[EXERCISE PROMPT]
Which lines of the entries below run from the one holding "5. plastic crate (1766,362,1919,578)" to the one holding "24. rack guard (1055,561,1460,848)", inclusive? Set down exactly those lines and no others.

(Saved data entries)
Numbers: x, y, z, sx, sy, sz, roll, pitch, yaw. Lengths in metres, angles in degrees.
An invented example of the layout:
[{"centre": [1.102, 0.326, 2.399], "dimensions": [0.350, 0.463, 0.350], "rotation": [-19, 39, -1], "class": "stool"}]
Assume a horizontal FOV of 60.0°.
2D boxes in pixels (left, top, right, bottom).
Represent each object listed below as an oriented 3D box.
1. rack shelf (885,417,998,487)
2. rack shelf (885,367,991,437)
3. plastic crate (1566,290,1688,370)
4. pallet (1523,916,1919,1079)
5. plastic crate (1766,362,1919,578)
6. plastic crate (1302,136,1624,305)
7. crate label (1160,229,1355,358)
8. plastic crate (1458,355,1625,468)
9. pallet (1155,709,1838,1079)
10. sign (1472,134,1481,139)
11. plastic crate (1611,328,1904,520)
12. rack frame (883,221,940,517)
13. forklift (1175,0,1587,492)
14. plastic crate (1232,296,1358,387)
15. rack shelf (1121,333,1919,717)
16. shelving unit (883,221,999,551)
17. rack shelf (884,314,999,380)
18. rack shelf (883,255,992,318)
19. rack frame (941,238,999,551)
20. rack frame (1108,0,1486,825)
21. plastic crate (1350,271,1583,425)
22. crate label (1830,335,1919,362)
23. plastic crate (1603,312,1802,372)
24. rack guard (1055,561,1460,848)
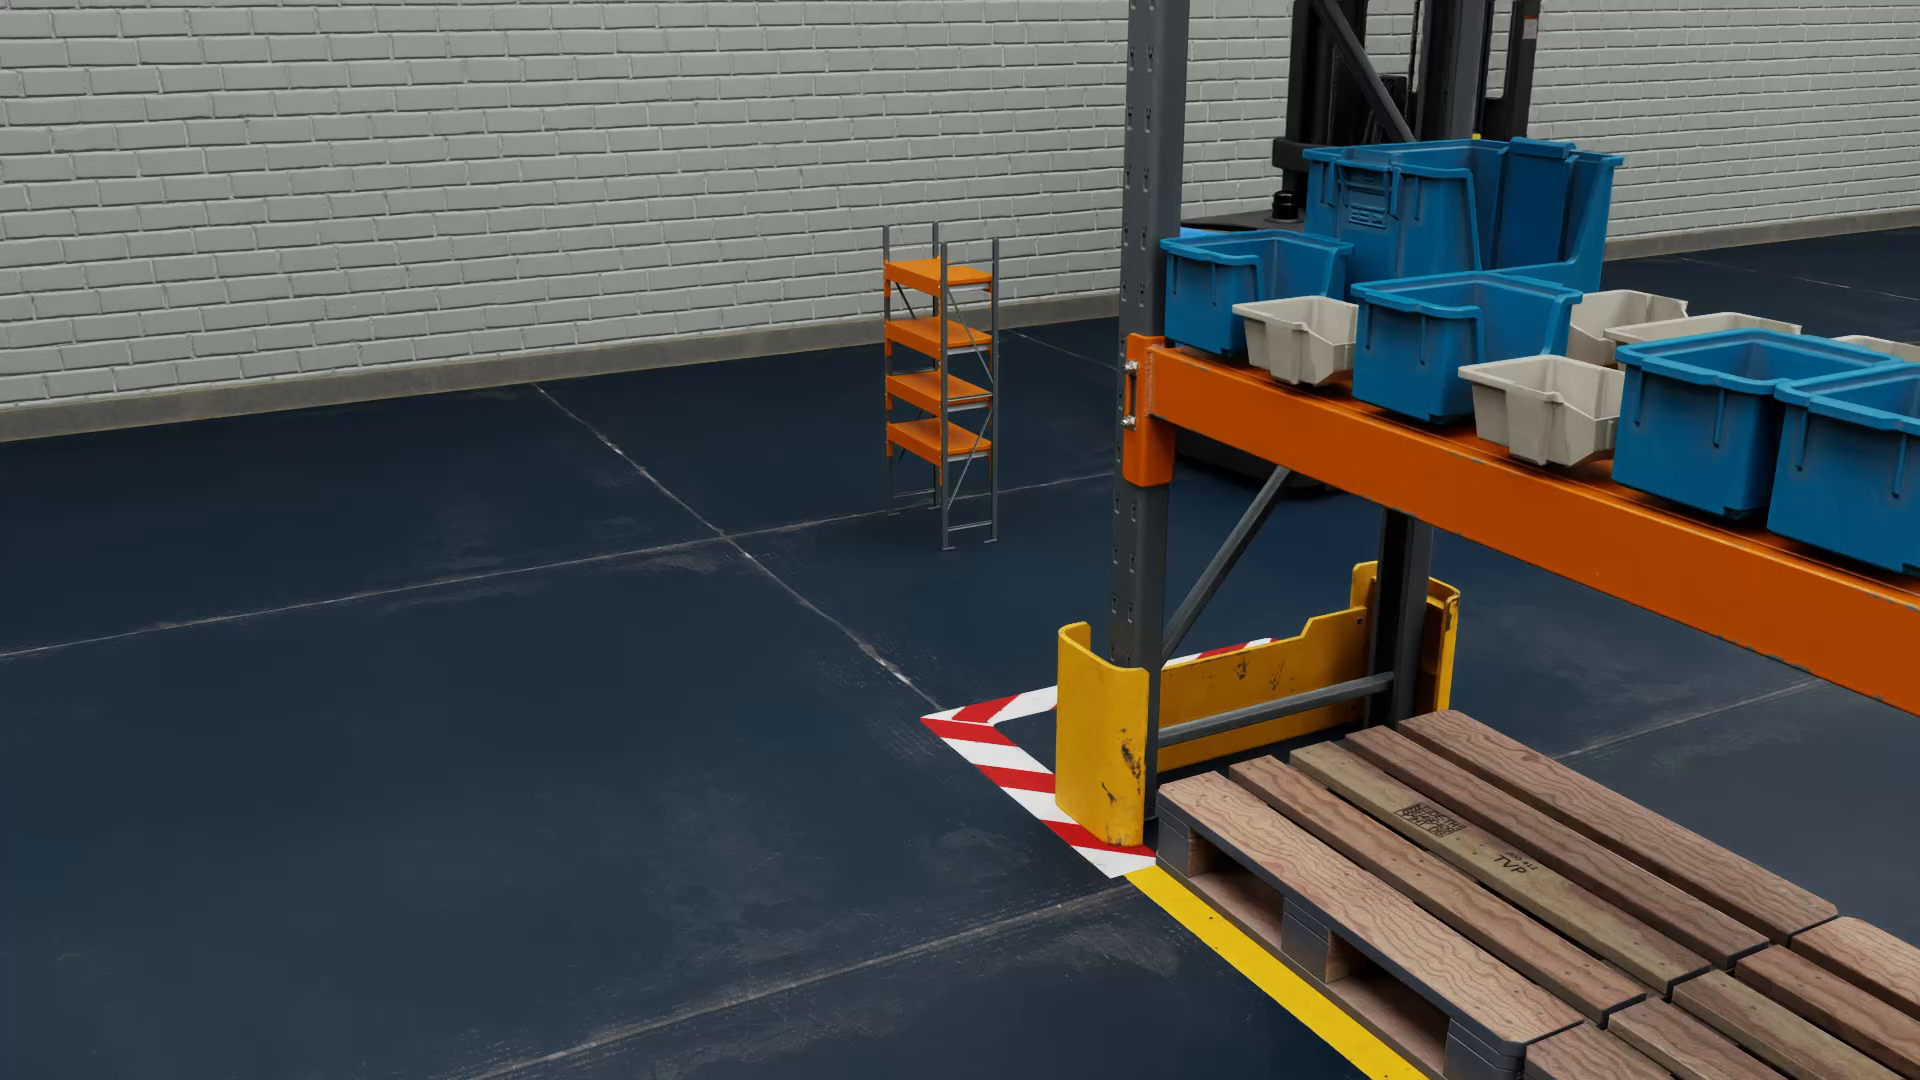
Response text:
[{"centre": [-0.079, -0.363, 6.660], "dimensions": [0.258, 0.148, 0.480], "rotation": [-10, 21, -27], "class": "rack shelf"}, {"centre": [-0.079, -0.551, 6.595], "dimensions": [0.258, 0.148, 0.480], "rotation": [-10, 21, -27], "class": "rack shelf"}, {"centre": [1.402, -0.444, 3.631], "dimensions": [0.396, 0.136, 0.243], "rotation": [-10, 21, -27], "class": "plastic crate"}, {"centre": [1.789, 1.165, 2.933], "dimensions": [1.003, 0.211, 1.213], "rotation": [-10, 21, -27], "class": "pallet"}, {"centre": [1.451, -0.109, 2.515], "dimensions": [0.416, 0.233, 0.300], "rotation": [-10, 21, -27], "class": "plastic crate"}, {"centre": [1.179, -0.724, 3.985], "dimensions": [0.616, 0.435, 0.499], "rotation": [-10, 21, -27], "class": "plastic crate"}, {"centre": [0.683, -0.574, 3.860], "dimensions": [0.416, 0.233, 0.303], "rotation": [-10, 21, -27], "class": "crate label"}, {"centre": [1.085, -0.228, 3.007], "dimensions": [0.250, 0.136, 0.298], "rotation": [-10, 21, -27], "class": "plastic crate"}, {"centre": [1.213, 0.815, 3.947], "dimensions": [1.003, 0.211, 1.213], "rotation": [-10, 21, -27], "class": "pallet"}, {"centre": [1.332, -0.913, 4.429], "dimensions": [0.100, 0.325, 0.005], "rotation": [-10, 21, -27], "class": "sign"}, {"centre": [1.308, -0.196, 2.764], "dimensions": [0.416, 0.233, 0.300], "rotation": [-10, 21, -27], "class": "plastic crate"}, {"centre": [-0.194, -0.685, 6.776], "dimensions": [0.240, 1.200, 0.015], "rotation": [-10, 21, -27], "class": "rack frame"}, {"centre": [2.323, -1.955, 7.803], "dimensions": [3.031, 2.935, 1.130], "rotation": [-13, 23, -34], "class": "forklift"}, {"centre": [0.763, -0.423, 3.571], "dimensions": [0.250, 0.136, 0.298], "rotation": [-10, 21, -27], "class": "plastic crate"}, {"centre": [1.805, 0.168, 2.649], "dimensions": [1.077, 0.370, 4.000], "rotation": [-10, 21, -27], "class": "rack shelf"}, {"centre": [-0.079, -0.615, 6.573], "dimensions": [0.258, 1.200, 0.503], "rotation": [-10, 21, -27], "class": "shelving unit"}, {"centre": [-0.079, -0.763, 6.522], "dimensions": [0.258, 0.148, 0.480], "rotation": [-10, 21, -27], "class": "rack shelf"}, {"centre": [-0.079, -0.986, 6.445], "dimensions": [0.258, 0.148, 0.480], "rotation": [-10, 21, -27], "class": "rack shelf"}, {"centre": [0.037, -0.545, 6.370], "dimensions": [0.240, 1.200, 0.015], "rotation": [-10, 21, -27], "class": "rack frame"}, {"centre": [0.856, -0.746, 4.195], "dimensions": [1.000, 3.000, 0.127], "rotation": [-10, 21, -27], "class": "rack frame"}, {"centre": [0.996, -0.385, 3.312], "dimensions": [0.416, 0.233, 0.300], "rotation": [-10, 21, -27], "class": "plastic crate"}, {"centre": [1.681, -0.282, 3.163], "dimensions": [0.396, 0.136, 0.243], "rotation": [-10, 21, -27], "class": "crate label"}, {"centre": [1.527, -0.358, 3.384], "dimensions": [0.396, 0.136, 0.243], "rotation": [-10, 21, -27], "class": "plastic crate"}, {"centre": [0.833, 0.431, 4.617], "dimensions": [1.175, 0.500, 0.348], "rotation": [-10, 21, -27], "class": "rack guard"}]

[FINAL ANSWER]
5. plastic crate (1766,362,1919,578)
6. plastic crate (1302,136,1624,305)
7. crate label (1160,229,1355,358)
8. plastic crate (1458,355,1625,468)
9. pallet (1155,709,1838,1079)
10. sign (1472,134,1481,139)
11. plastic crate (1611,328,1904,520)
12. rack frame (883,221,940,517)
13. forklift (1175,0,1587,492)
14. plastic crate (1232,296,1358,387)
15. rack shelf (1121,333,1919,717)
16. shelving unit (883,221,999,551)
17. rack shelf (884,314,999,380)
18. rack shelf (883,255,992,318)
19. rack frame (941,238,999,551)
20. rack frame (1108,0,1486,825)
21. plastic crate (1350,271,1583,425)
22. crate label (1830,335,1919,362)
23. plastic crate (1603,312,1802,372)
24. rack guard (1055,561,1460,848)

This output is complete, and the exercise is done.